Exercise aim ▸ Please filter the listing below and copy out the lines that hold "like".

Data records ▸
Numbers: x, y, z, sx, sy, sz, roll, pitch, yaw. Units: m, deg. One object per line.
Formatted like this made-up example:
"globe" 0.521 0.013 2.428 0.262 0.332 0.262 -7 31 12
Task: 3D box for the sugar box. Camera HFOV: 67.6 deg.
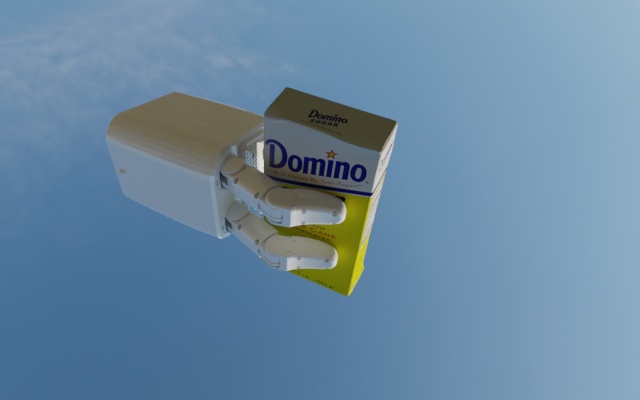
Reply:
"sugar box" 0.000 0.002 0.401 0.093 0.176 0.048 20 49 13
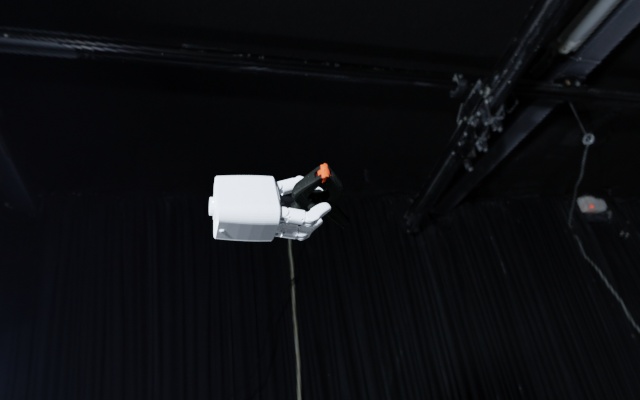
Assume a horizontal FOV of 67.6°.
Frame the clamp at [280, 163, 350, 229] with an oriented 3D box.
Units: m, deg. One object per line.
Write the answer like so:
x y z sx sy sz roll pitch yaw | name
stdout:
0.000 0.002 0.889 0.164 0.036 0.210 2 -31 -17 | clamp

* * *

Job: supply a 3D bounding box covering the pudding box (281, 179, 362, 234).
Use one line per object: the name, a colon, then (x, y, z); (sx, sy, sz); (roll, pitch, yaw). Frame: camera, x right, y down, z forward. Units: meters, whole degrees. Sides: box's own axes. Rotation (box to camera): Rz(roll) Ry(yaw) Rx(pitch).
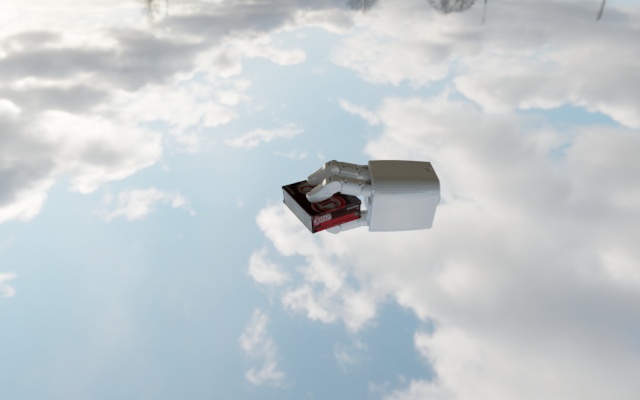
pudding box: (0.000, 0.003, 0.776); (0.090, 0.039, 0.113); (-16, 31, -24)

Solution to this task ▸
Formatted like this made-up example:
Write the answer like so:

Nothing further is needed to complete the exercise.